6. the method for identifying the medical named entity of the double-graph neural network based on the multi-feature fusion according to claim 1, wherein the specific process of the step 5 is as follows:

step 5.1, performing feature fusion on the context feature information obtained in the step 2 and the global feature information obtained in the step 4 to obtain a fusion vector, and marking the fusion vector as R= [ H ] _t ，H _C ]；

Step 5.2, performing linear transformation on the fusion vector R to obtain 3 different vector matrixes Q (query), K (Key) and V (Value), wherein q=k=v=r; and (3) carrying out dot product operation on each keyword matrix K by using Q, scaling an operation result, and normalizing by using a softmax function to obtain attention weight, wherein a calculation formula is expressed as follows:

wherein,representing the dimension of the key, softmax (·) represents probability mapping of the input element;

and 5.3, performing multiple parallel attention calculations on the high-dimensional feature vectors through a multi-head self-attention mechanism, wherein the number of heads is e, each attention head has different feature parameters, after attention information of one head is obtained through calculation, performing linear transformation on the e heads after splicing to finally obtain comprehensive feature information of fused attention information, and the comprehensive feature information is expressed as:

M _i ＝SelfAttention(QW _Q ，KW _K ，VW _V )

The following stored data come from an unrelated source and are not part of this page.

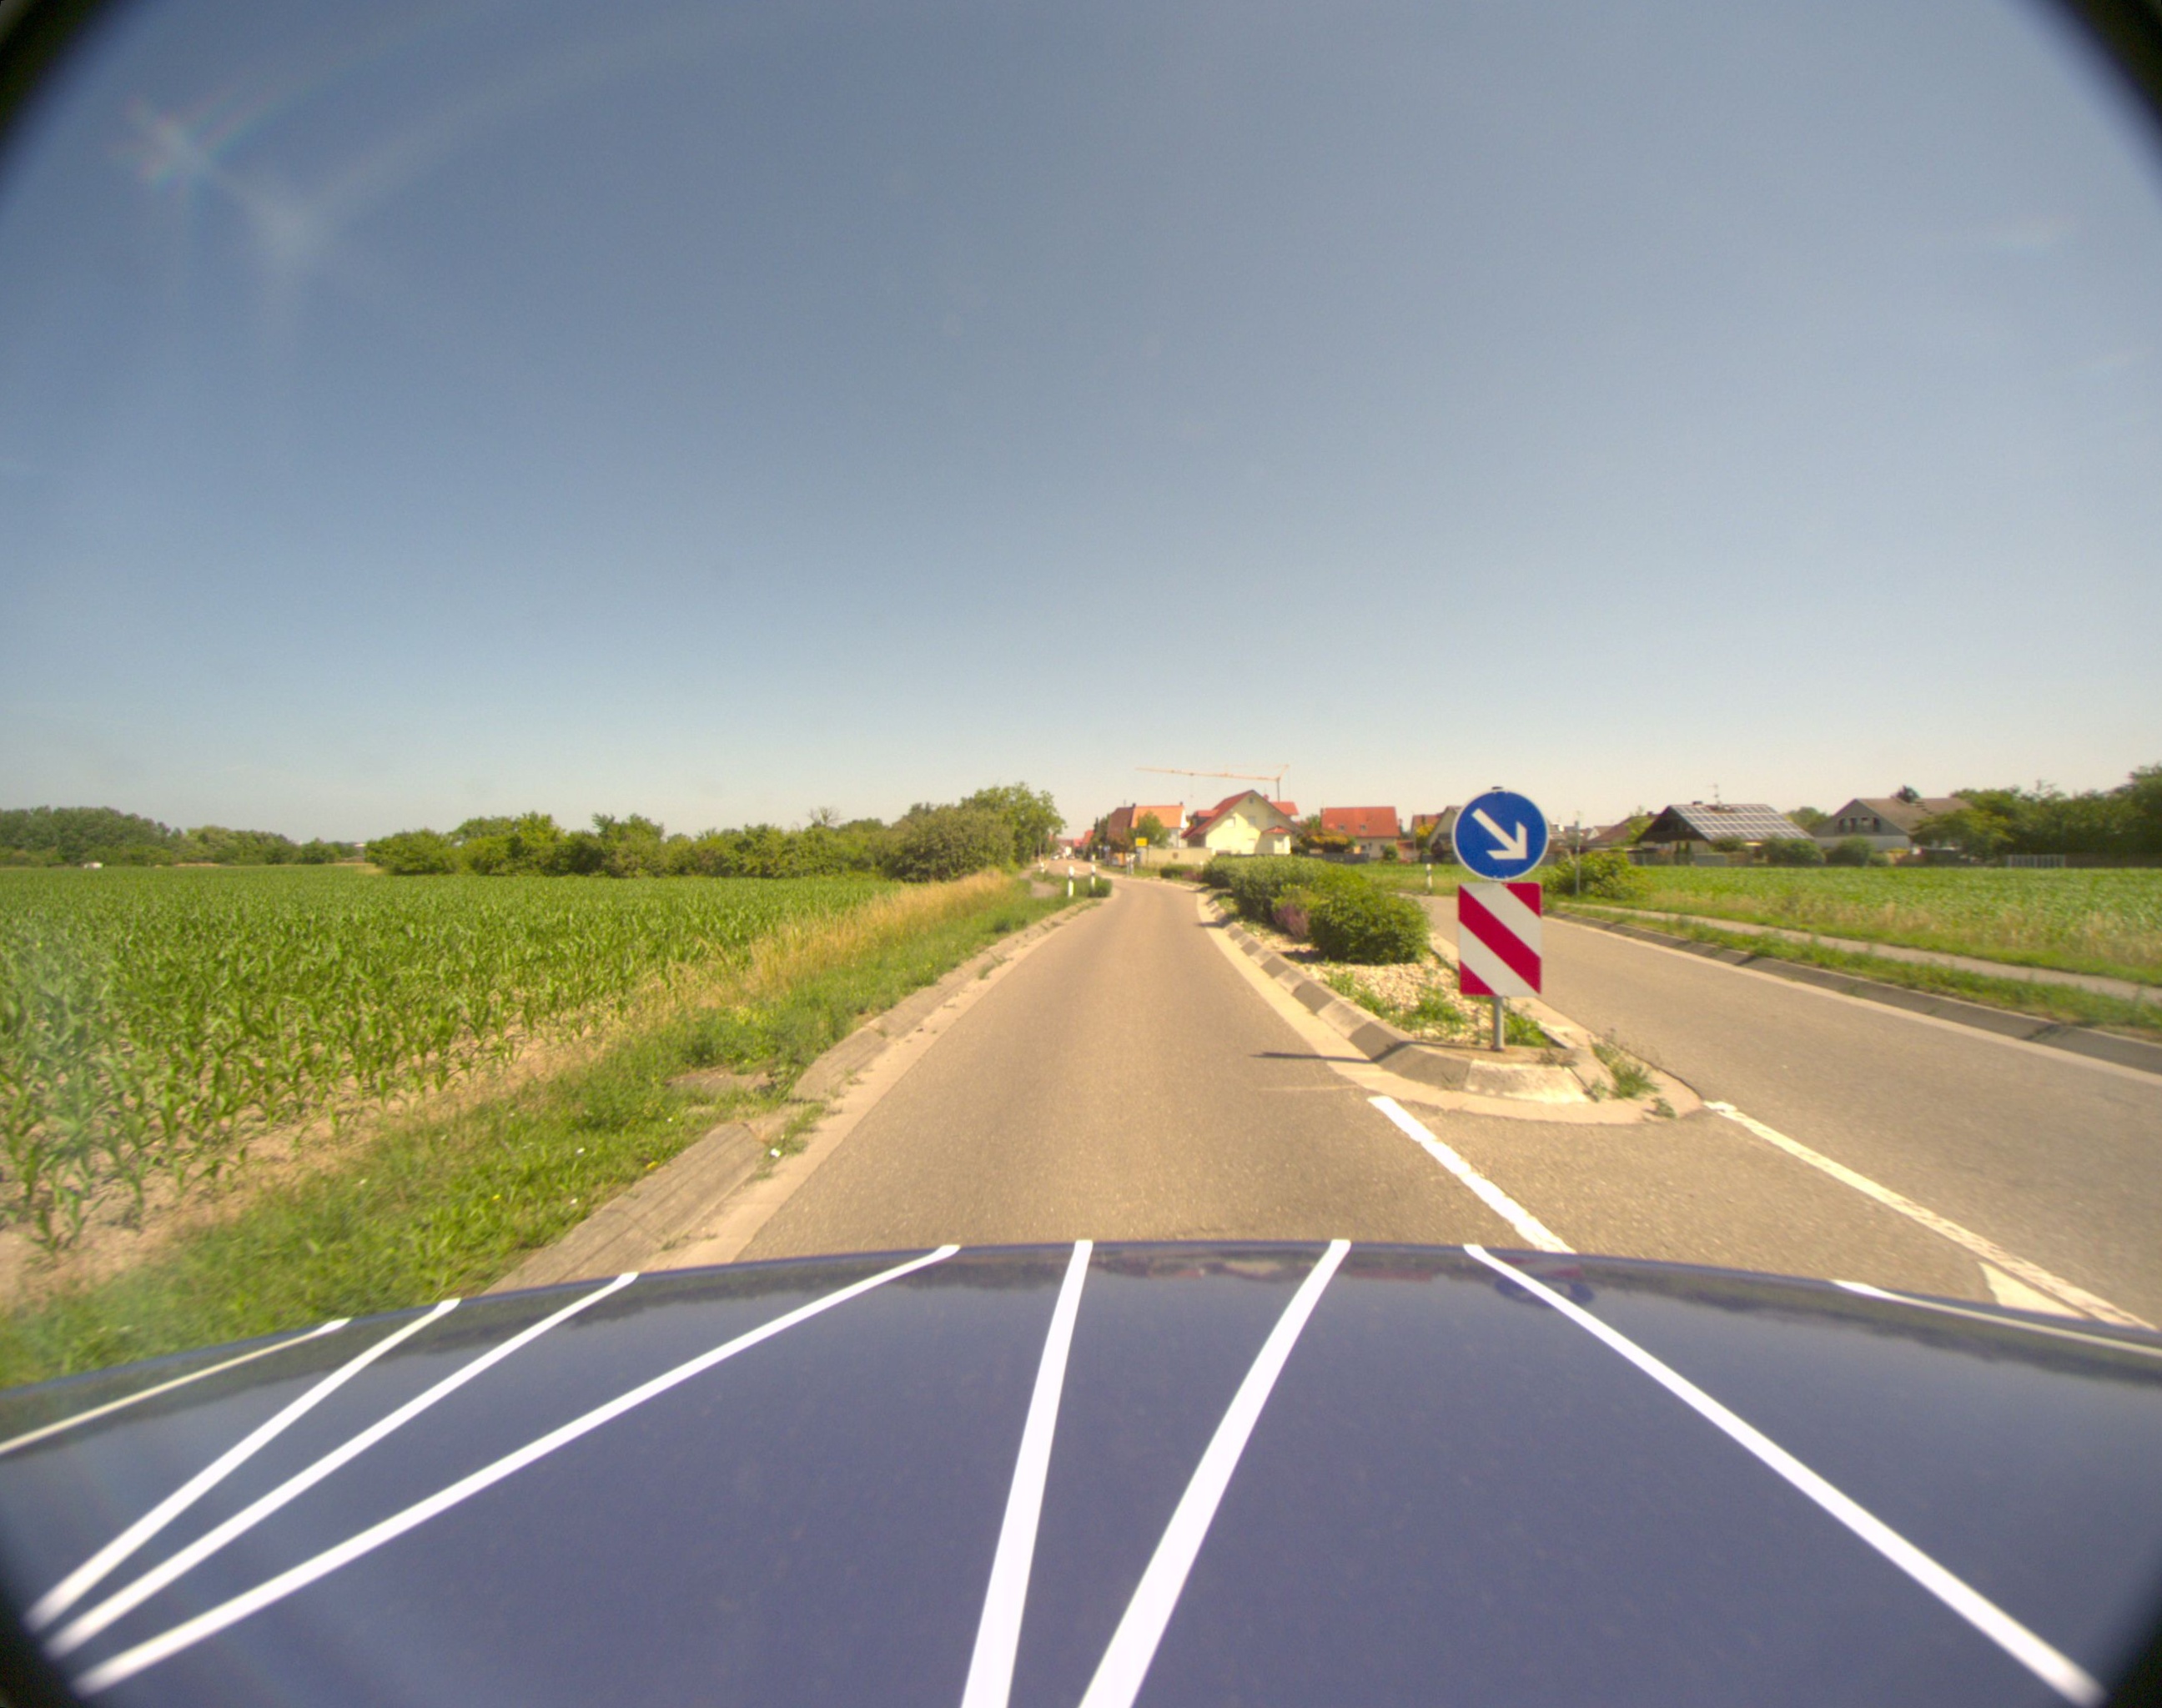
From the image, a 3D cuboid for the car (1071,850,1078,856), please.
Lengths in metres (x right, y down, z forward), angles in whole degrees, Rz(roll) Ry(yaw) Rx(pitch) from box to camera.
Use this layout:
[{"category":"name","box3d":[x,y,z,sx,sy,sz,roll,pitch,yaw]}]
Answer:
[{"category":"car","box3d":[-1.679,-0.295,201.277,1.733,1.380,3.531,0,0,-1]}]

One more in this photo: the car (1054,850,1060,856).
[{"category":"car","box3d":[-6.327,-0.256,200.714,1.733,1.380,3.531,0,0,-1]}]

MulAtt(Q，K，V)＝Concat(M ₁ ，M ₂ ，...，M _e )W

wherein W is _Q ，W _K ，W _V The weight matrix learned by the model in training is represented, concat (·) represents the feature vector extracted by the e attention heads is spliced, and W represents the weight matrix generated in the implementation process.

7. The method for identifying the medical named entity of the double-graph neural network based on the multi-feature fusion according to claim 6, wherein the specific process of the step 6 is as follows:

for a given sequence x= { x ₁ ，x ₂ ，...，x _n The i and predicted sequence y= { y ₁ ，y ₂ ，...，y _n -its calculated score is expressed as:

wherein,representing y _i Transfer to y _i+1 Probability of->Represent the firsti words are labeled y _i S (x, y) represents the probability that the input sentence sequence x is labeled with the label sequence y.